# [Task objective]
Give back exactly the first lines of the entries below, through the line with "Answer: Yes Which".
[Records provided Boundary: Start]
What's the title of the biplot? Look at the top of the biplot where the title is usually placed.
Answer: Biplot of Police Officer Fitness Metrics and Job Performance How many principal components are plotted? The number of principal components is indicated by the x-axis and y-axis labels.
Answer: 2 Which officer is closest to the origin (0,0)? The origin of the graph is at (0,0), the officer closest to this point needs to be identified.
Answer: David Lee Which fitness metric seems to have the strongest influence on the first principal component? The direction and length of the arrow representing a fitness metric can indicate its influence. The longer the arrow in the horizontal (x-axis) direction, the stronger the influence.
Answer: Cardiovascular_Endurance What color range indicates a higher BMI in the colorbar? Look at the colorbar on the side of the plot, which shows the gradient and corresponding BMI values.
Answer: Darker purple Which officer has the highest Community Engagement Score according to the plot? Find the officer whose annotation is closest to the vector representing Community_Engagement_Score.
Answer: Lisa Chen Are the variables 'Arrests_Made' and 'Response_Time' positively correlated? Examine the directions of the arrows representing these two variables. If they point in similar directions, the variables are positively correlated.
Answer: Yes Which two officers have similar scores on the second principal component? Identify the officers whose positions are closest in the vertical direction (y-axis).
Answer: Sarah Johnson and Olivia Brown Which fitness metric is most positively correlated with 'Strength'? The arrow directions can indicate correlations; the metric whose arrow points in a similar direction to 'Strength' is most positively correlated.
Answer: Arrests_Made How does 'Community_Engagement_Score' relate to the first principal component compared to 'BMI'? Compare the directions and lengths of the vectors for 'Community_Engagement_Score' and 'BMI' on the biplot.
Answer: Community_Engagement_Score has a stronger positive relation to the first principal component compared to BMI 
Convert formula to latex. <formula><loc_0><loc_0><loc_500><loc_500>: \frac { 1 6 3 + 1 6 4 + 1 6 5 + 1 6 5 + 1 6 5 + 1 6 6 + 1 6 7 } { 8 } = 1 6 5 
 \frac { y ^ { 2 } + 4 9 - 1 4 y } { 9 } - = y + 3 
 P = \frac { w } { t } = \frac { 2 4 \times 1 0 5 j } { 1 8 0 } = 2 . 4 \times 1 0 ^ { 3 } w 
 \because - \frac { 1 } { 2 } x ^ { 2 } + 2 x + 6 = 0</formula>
[Records provided Boundary: End]
# [Written answer]
What's the title of the biplot? Look at the top of the biplot where the title is usually placed.
Answer: Biplot of Police Officer Fitness Metrics and Job Performance How many principal components are plotted? The number of principal components is indicated by the x-axis and y-axis labels.
Answer: 2 Which officer is closest to the origin (0,0)? The origin of the graph is at (0,0), the officer closest to this point needs to be identified.
Answer: David Lee Which fitness metric seems to have the strongest influence on the first principal component? The direction and length of the arrow representing a fitness metric can indicate its influence. The longer the arrow in the horizontal (x-axis) direction, the stronger the influence.
Answer: Cardiovascular_Endurance What color range indicates a higher BMI in the colorbar? Look at the colorbar on the side of the plot, which shows the gradient and corresponding BMI values.
Answer: Darker purple Which officer has the highest Community Engagement Score according to the plot? Find the officer whose annotation is closest to the vector representing Community_Engagement_Score.
Answer: Lisa Chen Are the variables 'Arrests_Made' and 'Response_Time' positively correlated? Examine the directions of the arrows representing these two variables. If they point in similar directions, the variables are positively correlated.
Answer: Yes Which two officers have similar scores on the second principal component? Identify the officers whose positions are closest in the vertical direction (y-axis).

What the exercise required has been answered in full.